Study material =>
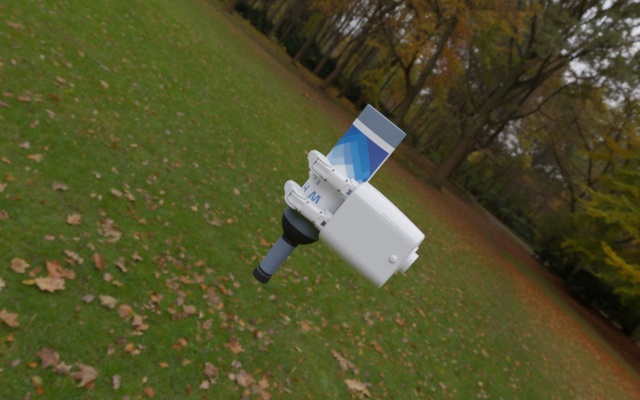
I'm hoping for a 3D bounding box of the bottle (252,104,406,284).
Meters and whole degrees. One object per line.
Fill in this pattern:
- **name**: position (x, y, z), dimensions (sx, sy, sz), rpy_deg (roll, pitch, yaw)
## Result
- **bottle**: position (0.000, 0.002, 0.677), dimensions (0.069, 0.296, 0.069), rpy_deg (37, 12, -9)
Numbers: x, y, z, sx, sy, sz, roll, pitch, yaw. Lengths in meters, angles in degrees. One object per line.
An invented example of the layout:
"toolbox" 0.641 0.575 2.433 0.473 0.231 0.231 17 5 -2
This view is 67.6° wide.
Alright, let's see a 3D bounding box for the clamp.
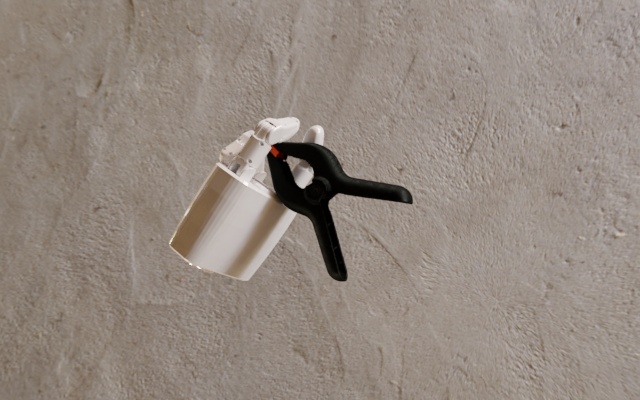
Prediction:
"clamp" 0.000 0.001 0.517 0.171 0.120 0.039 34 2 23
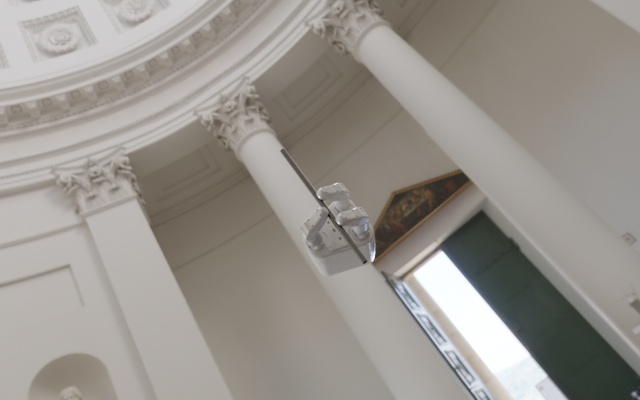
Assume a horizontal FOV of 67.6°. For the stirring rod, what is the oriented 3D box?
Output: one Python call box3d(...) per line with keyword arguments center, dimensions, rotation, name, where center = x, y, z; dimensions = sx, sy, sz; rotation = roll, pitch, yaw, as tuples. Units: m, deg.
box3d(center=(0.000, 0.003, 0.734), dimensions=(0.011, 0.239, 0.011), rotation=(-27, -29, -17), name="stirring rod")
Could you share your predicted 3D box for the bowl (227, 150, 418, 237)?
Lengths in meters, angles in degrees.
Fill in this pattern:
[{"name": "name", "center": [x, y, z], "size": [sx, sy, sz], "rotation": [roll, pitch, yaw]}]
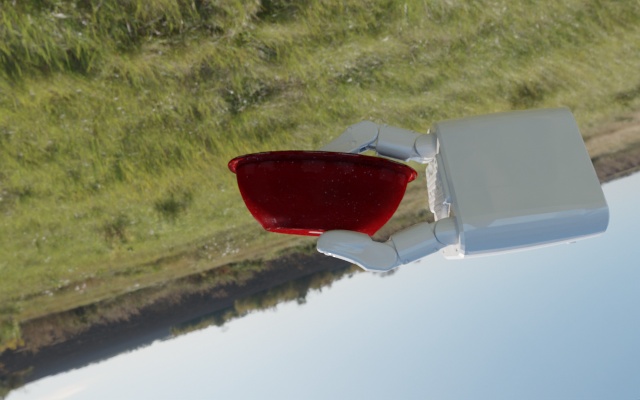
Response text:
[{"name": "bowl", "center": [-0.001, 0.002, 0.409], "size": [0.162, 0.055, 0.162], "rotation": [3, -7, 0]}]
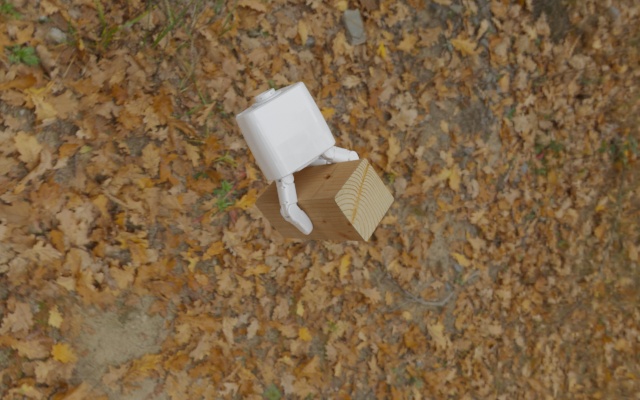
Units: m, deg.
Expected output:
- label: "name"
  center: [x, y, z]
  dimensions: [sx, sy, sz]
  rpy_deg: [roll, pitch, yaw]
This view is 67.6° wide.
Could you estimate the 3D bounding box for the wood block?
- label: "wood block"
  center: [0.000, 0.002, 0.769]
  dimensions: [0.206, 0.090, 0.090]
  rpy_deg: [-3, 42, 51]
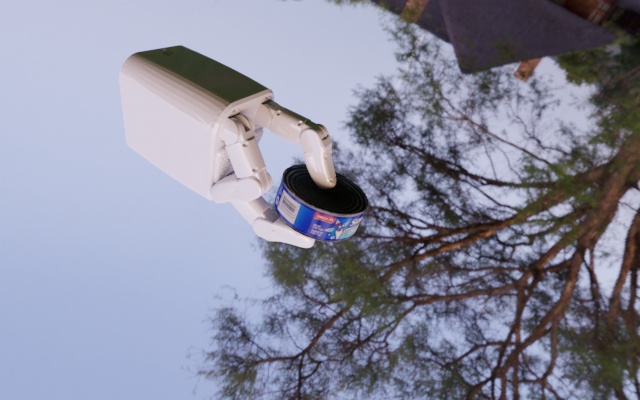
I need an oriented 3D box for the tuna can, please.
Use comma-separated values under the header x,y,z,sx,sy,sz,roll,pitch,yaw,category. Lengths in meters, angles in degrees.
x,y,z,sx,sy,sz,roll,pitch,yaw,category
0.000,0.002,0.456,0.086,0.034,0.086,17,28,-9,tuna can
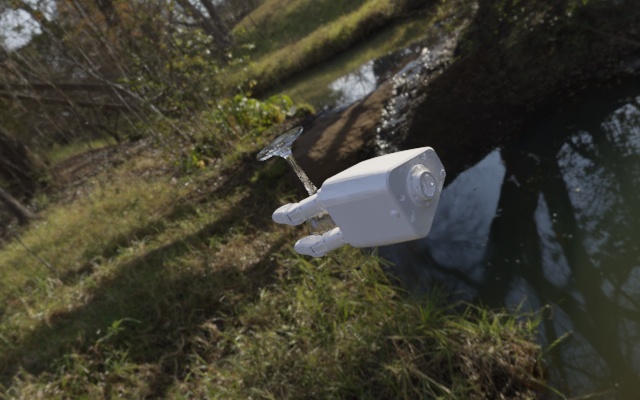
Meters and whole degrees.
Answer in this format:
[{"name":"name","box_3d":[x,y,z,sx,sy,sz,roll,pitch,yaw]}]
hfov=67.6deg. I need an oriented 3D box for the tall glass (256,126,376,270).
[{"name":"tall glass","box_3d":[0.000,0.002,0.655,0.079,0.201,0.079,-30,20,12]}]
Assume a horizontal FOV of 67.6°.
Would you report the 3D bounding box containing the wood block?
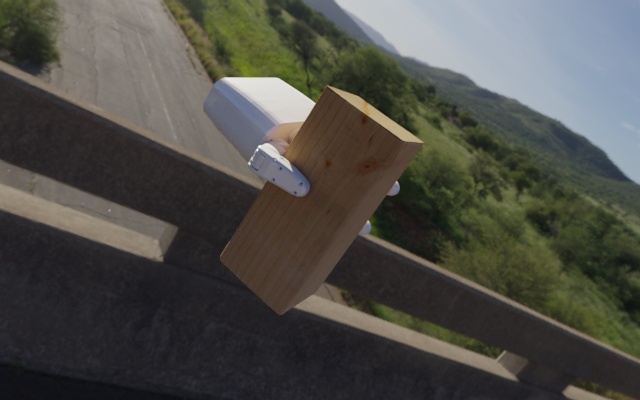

Problem to solve =>
Within the entries above, count each line holding the string "object". Give only the result.

Result for this exercise =>
2